Nangong Liu abrió los ojos con miedo, pero como su boca estaba atascada, no pudo decir una palabra. Sólo podía gemir de dolor cuando la saliva goteaba de su boca. En el momento en que el nuevo Líder lo soltó, Nangong Liu gritó:
– ¡No me mates! ¡No me mates! Tú, sácame, te daré…. ¡Te daré justicia delante de todo el mundo!
– Demasiado tarde – Xu Shuanglin sacó un pañuelo blanco como la nieve y se limpió las manos, mirándole con indiferencia. – No importa lo que digas, todos en el mundo lo tomarán como una admisión forzada por mi. Las aguas residuales que vertiste sobre mí ya no pueden ser arrastradas. – Nangong Liu no tuvo tiempo de hablar cuando escuchó la voz de una chica junto a la suya, que era tan aguda como un cuchillo.
– ¡Nangong Xu! Sé que te han hecho daño, ¿pero qué haces ahora? Has matado a tu propio padre, has privado al líder de la secta de su anillo, y ahora, ¿quieres matar a tu hermano?… Tú… ¿Cómo puedes ser tan cruel?
– Oh, hermana mayor Rong. – Xu Shuang Lin sonrió un poco – Si no hubieras hablado, habría olvidado que estabas aquí. – Aunque Rong Yan también estaba refrenada por el sello mágico y seguía arrodillada, tenía una expresión resuelta. Sus ojos estaban llenos de lágrimas, pero no eran débiles. Xu Shuang Lin sonrió con tristeza.
– Quien me dio la bolsita perfumada fuiste tú, y quien se casó con Nangong Liu también fuiste tú. Tú no quieres decirme que él te obligó a hacer esto, ¿verdad? – La cara de Rong Yan se volvió blanca como si quisiera decir algo, pero al final se mordió el labio inferior y cerró los ojos. Las lágrimas corrían por sus mejillas.
La espada ya estaba en la mano de Xu Shuang Lin, brillando con una fría luz.
– No… No… No… A-Xu, puedes decir cualquier cosa, puedo hablar contigo de cualquier cosa… No me mates. Te lo ruego, no me mates… – Xu Shuang Lin limpió la espada, sus labios aún llevando esa sonrisa malvada,
– Nangong Liu, ahora soy el líder de la secta y tú eres un prisionero. No tienes nada en tus manos, y aún así ¿quieres negociar las condiciones conmigo? ¿Qué tratas de usar como moneda de cambio? ¿tu vida de perro?
– ¡Puedo ser tu esclavo! Sí. Puedo plantar la hierba, estoy dispuesto a hacer cualquier cosa.

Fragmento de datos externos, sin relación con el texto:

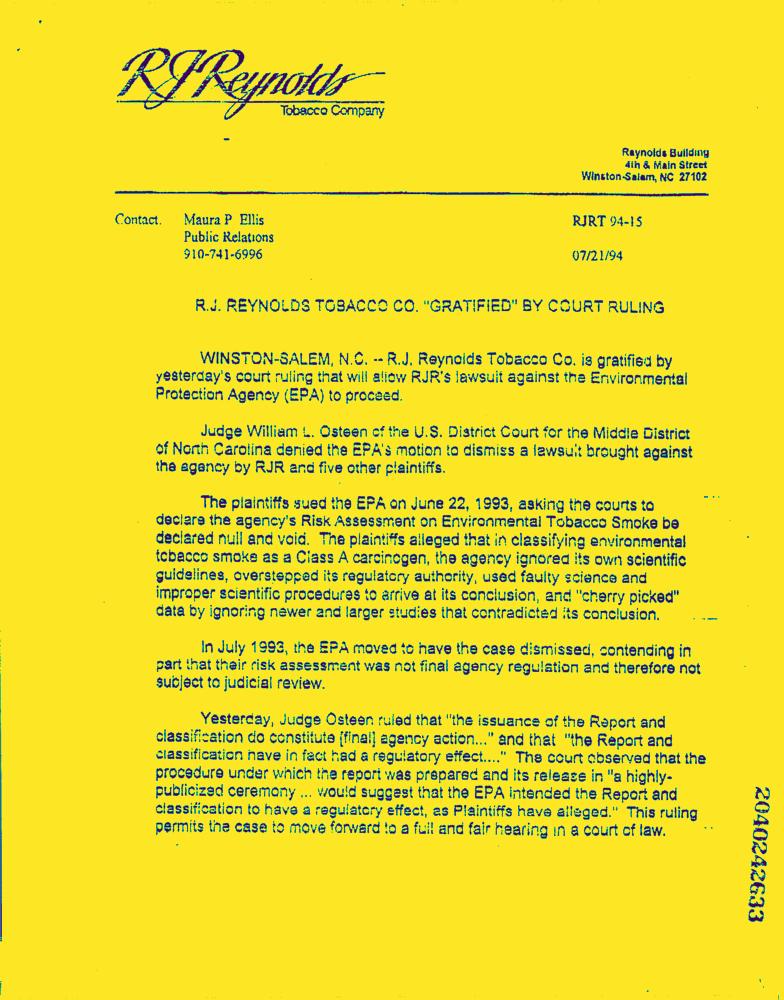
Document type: News-Article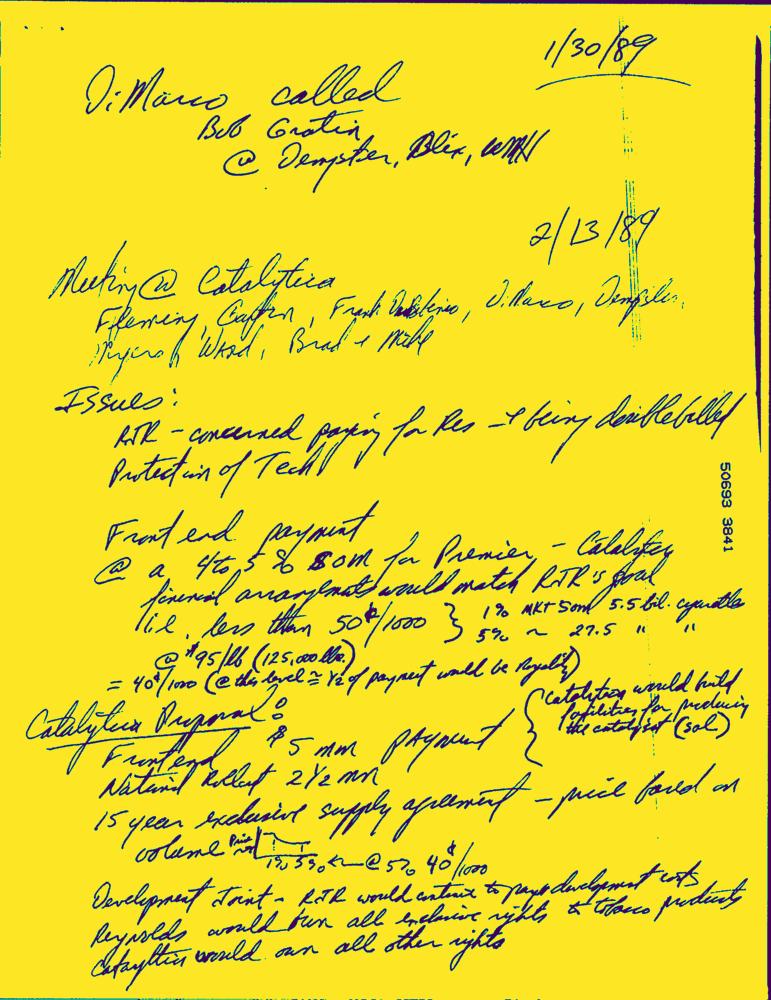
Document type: Hand-Written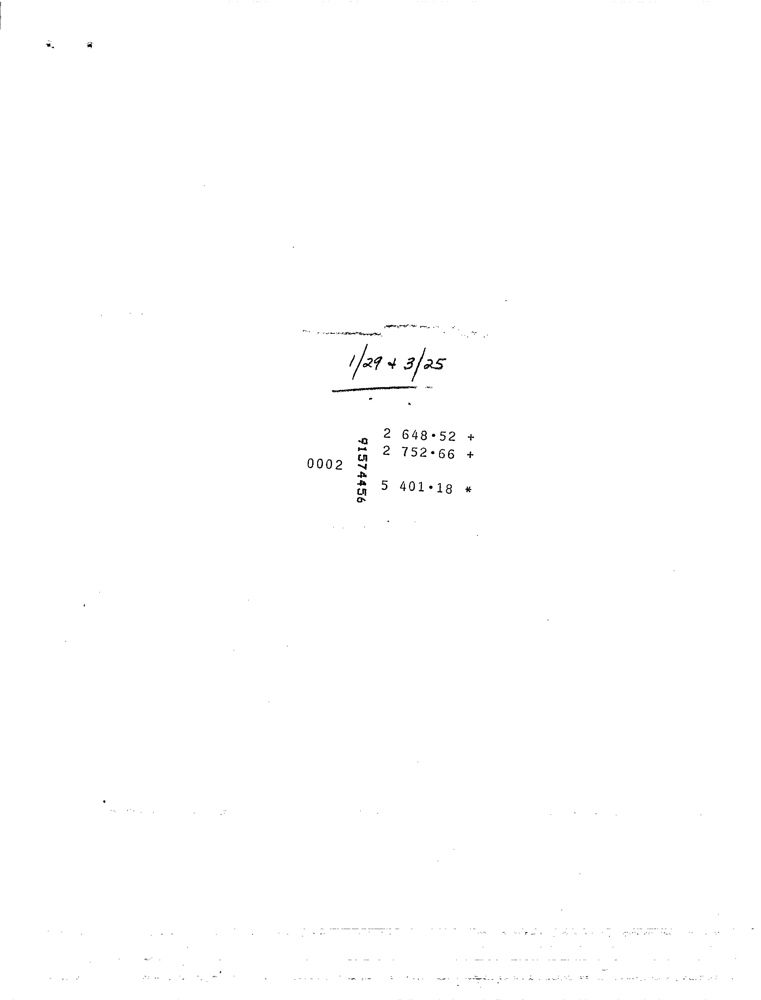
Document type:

Si tú quieres, la hermana mayor Rong puedo devolvértela. – Rong Yan de repente abrió los ojos, giró la cabeza con furia,
– ¡Nangong Liu! – Nangong Liu estaba muy asustado. Ignoró a su mujer y sollozó a su hermano:
– Si me dejas ir…. – La cara de Xu Shuanglin se oscureció, pero al final, sólo se rió fríamente. Levantando su espada, cortó el aire.
Un grito estridente sonó. La fría espada se detuvo a solo unos centímetros del cuello de Nangong Liu. En realidad, Xu Shuanglin no estaba seguro si, incluso sin esos gritos, su espada hubiera podido avanzar unos centímetros más. Sin embargo, su expresión no cambió. Rong Yan no miró a su marido, sino que lo miró con húmedos ojos en forma de almendra, su espalda estaba recta, y se ahogó con sollozos:
– Por amistad del pasado, ¿puedes dejarme tener a mi hijo? – La mirada de Xu Shuang Lin se movió lentamente hacia abajo y aterrizó en el abdomen inferior de Rong Yan. A primera vista, parecía normal, pero al examinarlo más de cerca, ya estaba un poco abultado. – Por favor, Nangong Xu, quiero rogarte que le perdones la vida a tu sobrino.
Xu Shuanglin miró fijamente a esta mujer durante un rato y sólo sintió que era ridículo. ¿Salvar al vil engendro de su estómago? ¿Qué tenía que ver ese pedazo de carne sin forma, sobrino o sobrina, con él? Sin embargo, en medio de su maldad, de repente recordó el dolor insoportable de anoche. Xu Shuanglin se detuvo un momento, y de repente se dio cuenta de que esto era algo muy bueno. El Líder de la Secta Ru Feng solo podía pasar la herencia al nuevo Líder después de que el viejo Líder hubiera fallecido. O por usurpación. Por lo tanto, era imposible ceder el asiento (y la maldición) a Nangong Liu. Sin embargo, cien años después, podría pasarle el asiento al hijo de Nangong Liu.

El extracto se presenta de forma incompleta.